While an experienced interviewer will include specific questions tailored to the requirements of the position, the below is a good list of general interview questions that interviewers or employers should pose in an interview.
Now that you have heard more about the role, what do you think are the main challenges in this role?
This is a good question to ensure that the candidate has a good understanding of the challenges expected of the role, and he/she leaves the interview with a more balanced and realistic picture of the pluses and minuses of the role or/and the company. By asking this question, you can also assess whether the candidate is keen and willing to assume these challenges.
Why should we hire you?
This is a very useful interview question to ask because it allows you to hear what the candidates think are their differentiating factors that set them apart from other interviewees. Faced with a big stack of cvs some of which tell a similar story, this question can help you ensure that you do not miss out any relevant pointers that the candidate may have. This can then better allow you to determine who are the best few candidates to shortlist.
If we contact your last manager and ask which area of your work needs improvement on, what will I learn?
This is a useful question to ask as it gives the candidate an opportunity to offer a candid response, given that we are highlighting that a reference check with an ex manager may be required at the later stage of the interview process.
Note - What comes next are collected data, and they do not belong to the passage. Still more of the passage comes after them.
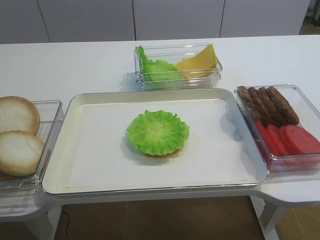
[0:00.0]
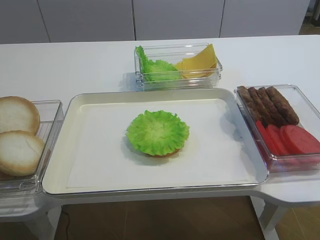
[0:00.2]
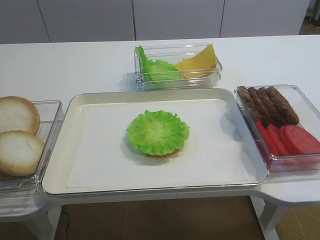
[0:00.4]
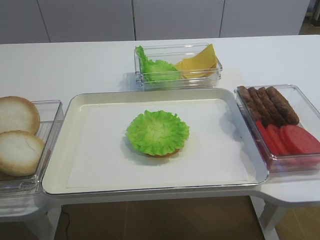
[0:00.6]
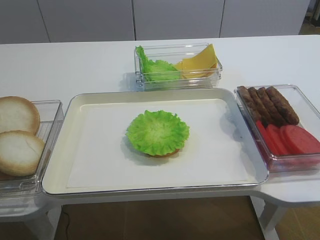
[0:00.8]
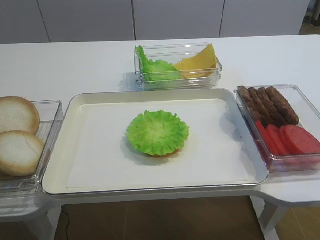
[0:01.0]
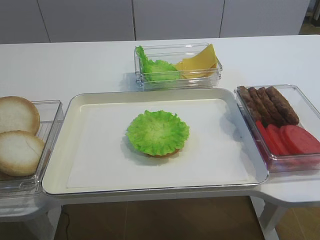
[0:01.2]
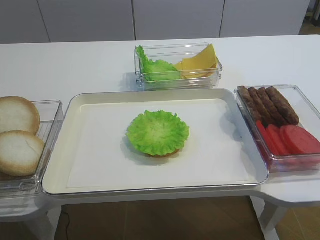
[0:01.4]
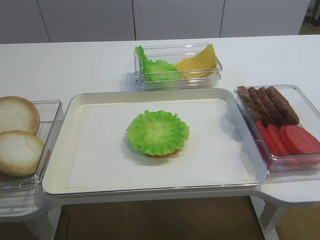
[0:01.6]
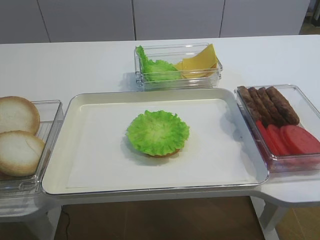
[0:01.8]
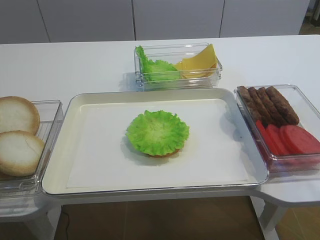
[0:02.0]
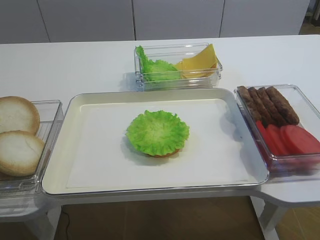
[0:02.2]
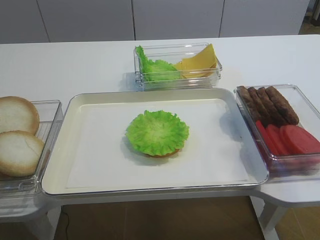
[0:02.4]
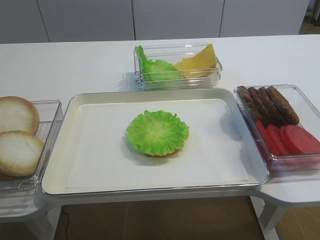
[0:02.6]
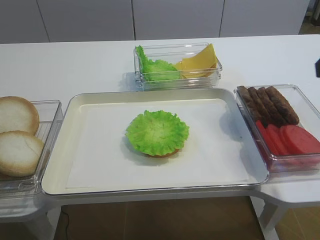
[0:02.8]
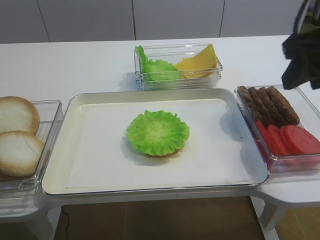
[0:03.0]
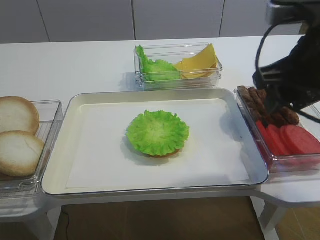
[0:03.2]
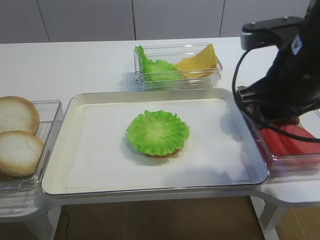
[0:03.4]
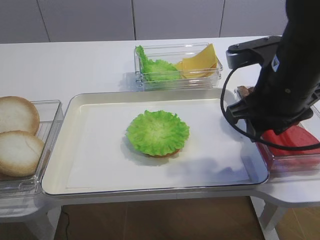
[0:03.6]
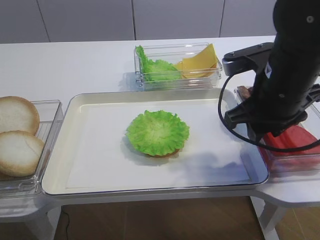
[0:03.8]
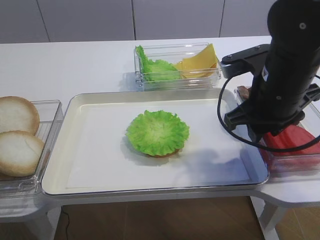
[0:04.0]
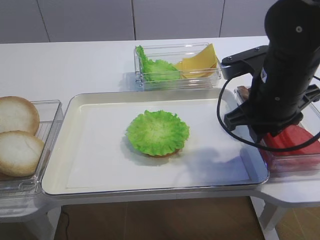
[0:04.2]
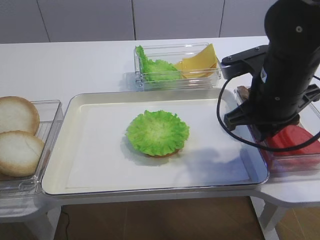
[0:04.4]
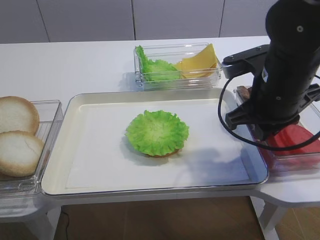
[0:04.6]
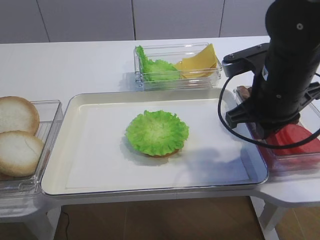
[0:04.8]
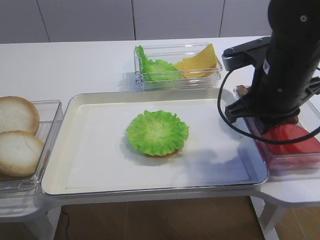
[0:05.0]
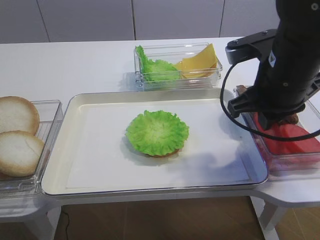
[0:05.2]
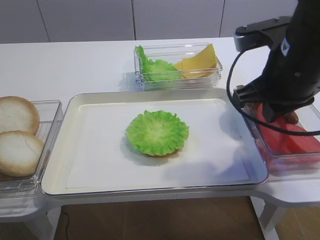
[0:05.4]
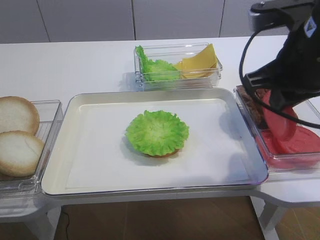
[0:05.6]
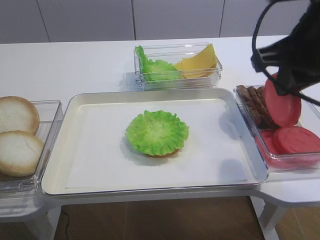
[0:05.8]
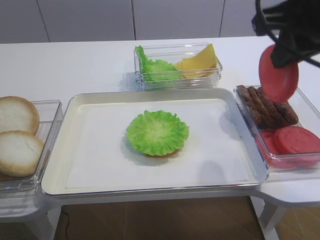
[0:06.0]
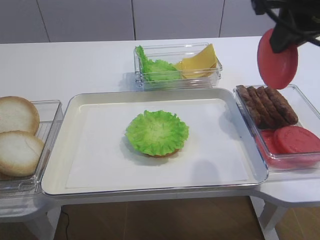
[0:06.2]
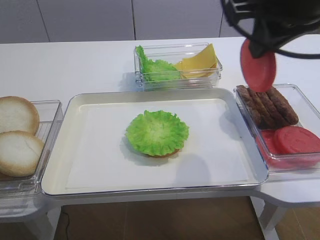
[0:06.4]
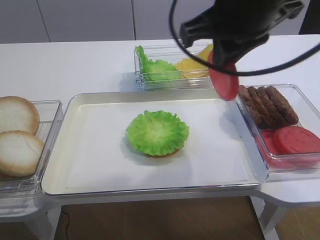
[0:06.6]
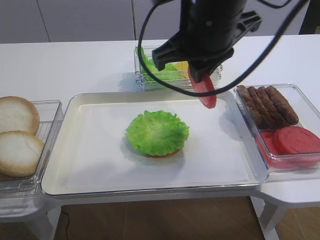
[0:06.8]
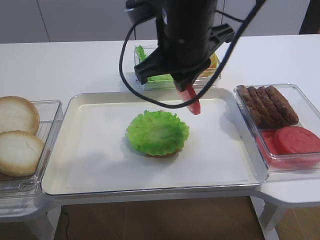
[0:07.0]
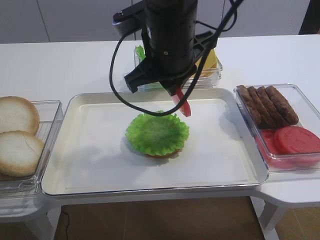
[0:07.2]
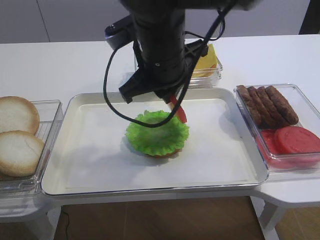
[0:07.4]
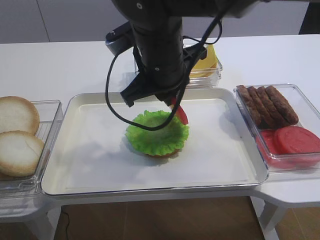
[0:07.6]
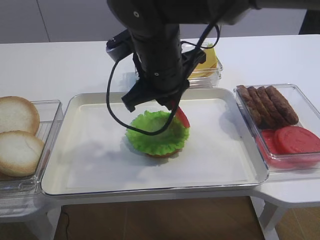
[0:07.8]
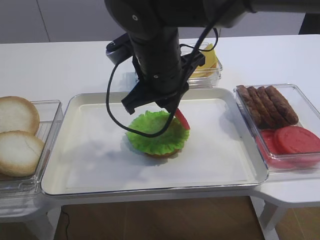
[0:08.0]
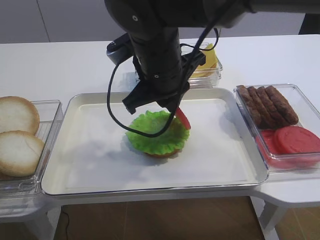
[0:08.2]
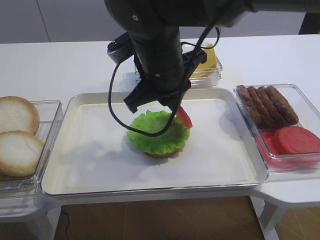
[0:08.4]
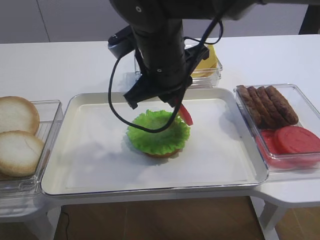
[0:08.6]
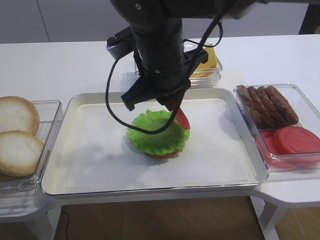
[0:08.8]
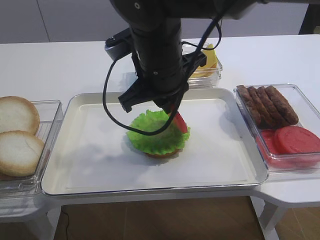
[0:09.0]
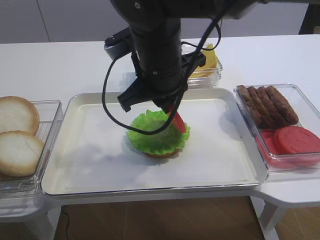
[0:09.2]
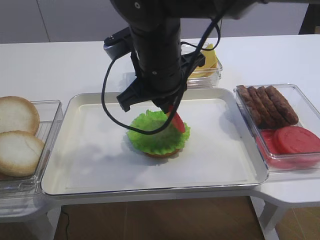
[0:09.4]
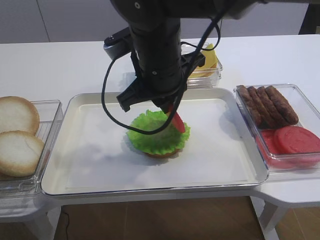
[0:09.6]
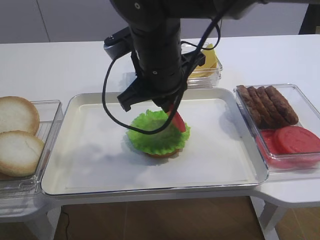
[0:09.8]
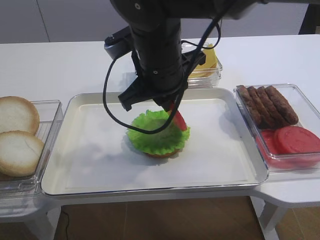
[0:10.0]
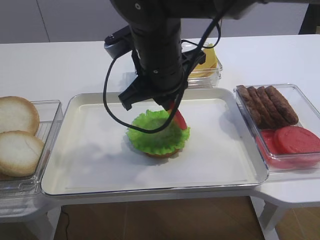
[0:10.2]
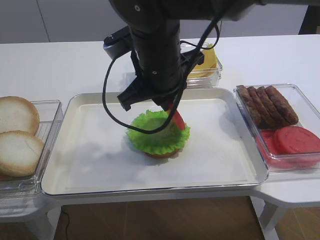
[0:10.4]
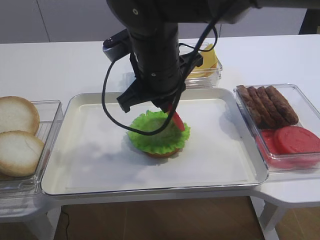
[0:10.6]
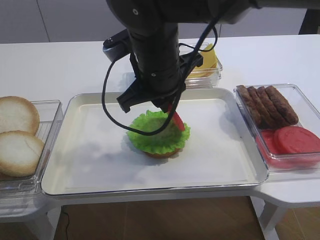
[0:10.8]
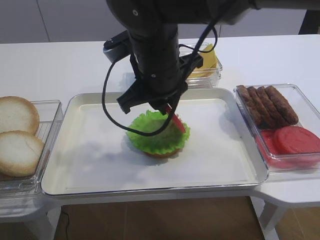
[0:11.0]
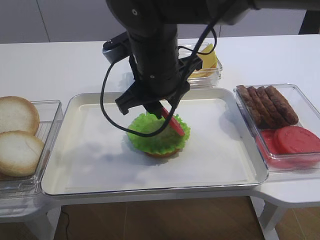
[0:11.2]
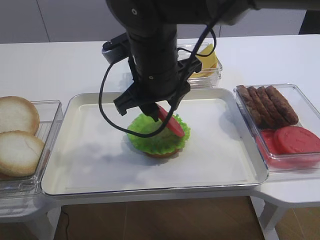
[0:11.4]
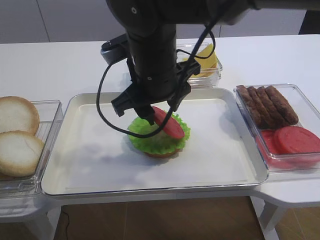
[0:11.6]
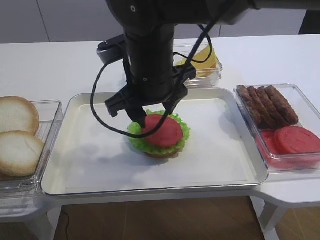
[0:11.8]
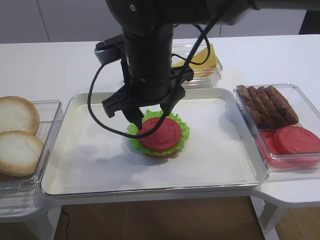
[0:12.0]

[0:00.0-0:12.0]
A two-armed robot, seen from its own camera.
Step, 0:00.0 to 0:05.4: Pick up the tomato slice with the right gripper.
Step, 0:05.8 to 0:12.0: Place the tomato slice on the lettuce leaf with the right gripper.
0:01.6 to 0:03.0: The right gripper shifts approximately 25 cm forward.
0:03.0 to 0:04.4: The right gripper heads downward and to the left, covering about 10 cm, and closes up.
0:04.4 to 0:06.0: The right gripper heads upward, covering approximately 15 cm.
0:06.0 to 0:07.6: The right gripper is displaced to the left, downward and forward by approximately 20 cm.
0:07.6 to 0:10.4: Both grippers stay put.
0:10.4 to 0:12.0: The right gripper opens up.

By knowing the potential weaknesses/shortcomings of the candidate, we are better positioned to assess whether these discussed weaknesses may pose an issue to the candidacy of the candidate for the current role.
Describe the boss who would get the very best work from you.
This is a great question to ask because it allows the interviewer to gain a further insight into the management style, communication style and cultural/team fit that best fits the candidate. This consideration is important as surveys have shown that a most commonly cited reason for employees leaving their job is due to their unhappiness working with their bosses/ managers.
Tell me about what motivates you.
This will allow the interviewer to know the interviewee’s motivations and what drive them, so that these factors can then be assessed against the role or the company to ensure that there is a good fit.
Tell me about a time you set difficult goals. What did you do to achieve them? Walk me through the process and purpose.
This is a great behavioural based question to pose so as to assess whether the candidate is goal oriented and is equipped to handled challenging goals set for them in future. It also assesses whether the candidate is able to articulate their thoughts on the steps and processes they take towards goal setting.
Describe a crisis or the worst mistake you made at work. What was your role? How did you resolve it? What were the results?
This is another example of a behavioural based question that can be ask so that you can hear about some real life examples of recent events /situations which required the candidate to take certain cause of actions.
Are you now attending other interviews? If so, which stage of interviews are you at? Are you expecting an offer to come your way in the coming weeks?
This is a great question to suss out on whether they are a passive job seeker or an active job seeker who is urgently looking out for roles. By asking the stages of interviews that they are attending, you gain a better idea of the timeline/deadline that the candidate may face regarding his/ her decision making on pending offers. This info is very important especially if you are keen on the candidate and may need to speed up your interview process to ensure that you do not lose the candidate before he/she accepts another offer.